Unfortunately PrivateKeySignature.Sign expects the message to sign in the sh parameter and in particular first hashes it. In your use case on the other hand sh already is the hash of the message to sign. Thus, you effectively hash twice where you should hash but once.

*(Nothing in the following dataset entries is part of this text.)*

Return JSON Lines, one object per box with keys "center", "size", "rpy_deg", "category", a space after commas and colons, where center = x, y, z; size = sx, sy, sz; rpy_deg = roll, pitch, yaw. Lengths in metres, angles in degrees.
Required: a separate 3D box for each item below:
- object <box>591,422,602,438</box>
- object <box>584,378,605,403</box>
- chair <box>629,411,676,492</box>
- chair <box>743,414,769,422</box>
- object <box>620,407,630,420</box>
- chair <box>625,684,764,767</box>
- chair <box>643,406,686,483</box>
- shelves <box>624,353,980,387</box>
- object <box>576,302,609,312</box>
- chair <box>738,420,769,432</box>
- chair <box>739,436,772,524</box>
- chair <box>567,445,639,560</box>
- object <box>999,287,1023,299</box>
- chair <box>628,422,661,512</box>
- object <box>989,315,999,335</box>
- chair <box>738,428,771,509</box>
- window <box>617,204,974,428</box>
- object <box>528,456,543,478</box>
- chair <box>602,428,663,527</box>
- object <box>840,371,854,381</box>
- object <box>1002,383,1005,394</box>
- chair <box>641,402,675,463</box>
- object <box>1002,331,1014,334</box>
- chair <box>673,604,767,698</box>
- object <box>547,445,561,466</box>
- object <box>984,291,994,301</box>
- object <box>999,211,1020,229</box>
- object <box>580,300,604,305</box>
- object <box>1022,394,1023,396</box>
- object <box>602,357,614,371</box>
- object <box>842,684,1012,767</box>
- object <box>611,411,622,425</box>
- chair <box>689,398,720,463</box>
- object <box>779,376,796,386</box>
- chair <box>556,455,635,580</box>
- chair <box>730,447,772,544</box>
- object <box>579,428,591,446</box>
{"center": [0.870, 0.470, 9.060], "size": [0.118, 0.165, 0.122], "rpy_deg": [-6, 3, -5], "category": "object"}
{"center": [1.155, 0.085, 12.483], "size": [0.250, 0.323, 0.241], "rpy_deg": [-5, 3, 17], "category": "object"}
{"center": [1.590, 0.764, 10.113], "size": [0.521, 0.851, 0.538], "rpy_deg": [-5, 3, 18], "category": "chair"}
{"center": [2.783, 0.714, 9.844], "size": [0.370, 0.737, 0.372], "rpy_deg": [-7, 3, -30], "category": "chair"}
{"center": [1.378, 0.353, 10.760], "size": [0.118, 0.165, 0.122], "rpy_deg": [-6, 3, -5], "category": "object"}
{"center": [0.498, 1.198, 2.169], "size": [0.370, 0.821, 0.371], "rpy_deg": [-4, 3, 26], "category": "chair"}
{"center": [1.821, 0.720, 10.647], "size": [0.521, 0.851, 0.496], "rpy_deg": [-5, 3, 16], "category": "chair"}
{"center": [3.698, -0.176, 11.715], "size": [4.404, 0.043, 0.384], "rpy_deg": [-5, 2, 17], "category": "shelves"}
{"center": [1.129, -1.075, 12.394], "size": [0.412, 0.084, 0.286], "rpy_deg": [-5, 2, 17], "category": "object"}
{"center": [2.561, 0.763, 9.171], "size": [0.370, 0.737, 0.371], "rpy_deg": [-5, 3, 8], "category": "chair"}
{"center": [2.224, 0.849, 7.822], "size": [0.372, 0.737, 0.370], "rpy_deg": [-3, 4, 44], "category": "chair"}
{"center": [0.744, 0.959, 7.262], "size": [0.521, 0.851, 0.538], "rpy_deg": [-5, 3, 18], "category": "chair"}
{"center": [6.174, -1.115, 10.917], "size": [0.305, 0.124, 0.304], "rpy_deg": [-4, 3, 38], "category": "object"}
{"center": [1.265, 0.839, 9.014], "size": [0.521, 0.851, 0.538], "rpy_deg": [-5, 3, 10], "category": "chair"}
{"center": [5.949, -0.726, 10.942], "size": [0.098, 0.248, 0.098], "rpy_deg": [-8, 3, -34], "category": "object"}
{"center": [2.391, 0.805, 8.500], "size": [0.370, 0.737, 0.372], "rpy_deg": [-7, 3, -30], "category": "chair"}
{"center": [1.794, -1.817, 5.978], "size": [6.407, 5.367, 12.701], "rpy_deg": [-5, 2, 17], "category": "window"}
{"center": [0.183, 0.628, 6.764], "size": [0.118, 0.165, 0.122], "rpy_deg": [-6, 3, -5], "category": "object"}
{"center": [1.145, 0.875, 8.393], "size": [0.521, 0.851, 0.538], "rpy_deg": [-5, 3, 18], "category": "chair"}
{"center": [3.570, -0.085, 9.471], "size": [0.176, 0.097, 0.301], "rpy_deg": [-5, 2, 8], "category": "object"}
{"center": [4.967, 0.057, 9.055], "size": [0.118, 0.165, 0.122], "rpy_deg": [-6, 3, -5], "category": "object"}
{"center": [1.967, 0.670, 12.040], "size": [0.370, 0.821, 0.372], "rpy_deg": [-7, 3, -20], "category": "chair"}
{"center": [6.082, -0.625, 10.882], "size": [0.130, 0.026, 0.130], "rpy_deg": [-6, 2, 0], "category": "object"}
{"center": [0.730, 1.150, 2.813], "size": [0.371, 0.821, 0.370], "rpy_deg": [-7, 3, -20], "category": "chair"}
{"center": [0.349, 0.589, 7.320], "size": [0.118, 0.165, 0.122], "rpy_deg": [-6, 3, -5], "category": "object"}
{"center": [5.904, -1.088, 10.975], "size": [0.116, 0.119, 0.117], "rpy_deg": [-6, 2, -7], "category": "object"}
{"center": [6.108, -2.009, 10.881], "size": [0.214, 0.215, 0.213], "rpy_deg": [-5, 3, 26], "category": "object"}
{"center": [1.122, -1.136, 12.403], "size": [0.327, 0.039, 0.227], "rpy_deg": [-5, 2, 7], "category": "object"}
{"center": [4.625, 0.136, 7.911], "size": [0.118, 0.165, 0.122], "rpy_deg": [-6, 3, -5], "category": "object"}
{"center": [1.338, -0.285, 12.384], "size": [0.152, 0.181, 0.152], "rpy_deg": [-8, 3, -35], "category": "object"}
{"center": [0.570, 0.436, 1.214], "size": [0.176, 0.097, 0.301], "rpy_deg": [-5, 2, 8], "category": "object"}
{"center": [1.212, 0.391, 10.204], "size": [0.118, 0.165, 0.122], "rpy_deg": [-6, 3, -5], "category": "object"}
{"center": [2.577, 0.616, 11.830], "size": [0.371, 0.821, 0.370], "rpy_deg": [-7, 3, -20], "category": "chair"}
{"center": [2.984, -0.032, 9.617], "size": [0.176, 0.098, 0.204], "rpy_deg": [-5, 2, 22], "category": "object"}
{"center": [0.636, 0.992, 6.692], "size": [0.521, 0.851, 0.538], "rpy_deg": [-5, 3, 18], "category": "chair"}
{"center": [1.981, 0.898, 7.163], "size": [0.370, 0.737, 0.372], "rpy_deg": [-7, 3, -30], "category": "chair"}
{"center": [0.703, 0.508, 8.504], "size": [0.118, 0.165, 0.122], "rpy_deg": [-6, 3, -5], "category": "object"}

You can fix this by replacing

IExternalSignature pks = new PrivateKeySignature(pk, DigestAlgorithms.SHA256);
byte[] data = pks.Sign(sh);

in the code above by

StaticDigest digest = new StaticDigest();
digest.AlgorithmName = "SHA-256";
digest.Digest = sh;
RsaDigestSigner signer = new RsaDigestSigner(digest);
signer.Init(true, pk);
byte[] data = signer.GenerateSignature();

Here StaticDigest is the following helper class:

public class StaticDigest : IDigest
{
    public string AlgorithmName { get; set; }
    public byte[] Digest { get; set; }

    public void BlockUpdate(byte[] input, int inOff, int length)
    { }

    public int DoFinal(byte[] output, int outOff)
    {
        Array.Copy(Digest, 0, output, outOff, Digest.Length);
        return Digest.Length;
    }

    public int GetByteLength()
    {
        return 64;
    }

    public int GetDigestSize()
    {
        return Digest.Length;
    }

    public void Reset()
    { }

    public void Update(byte input)
    { }
}

After this change your test project returns mathematically valid signatures.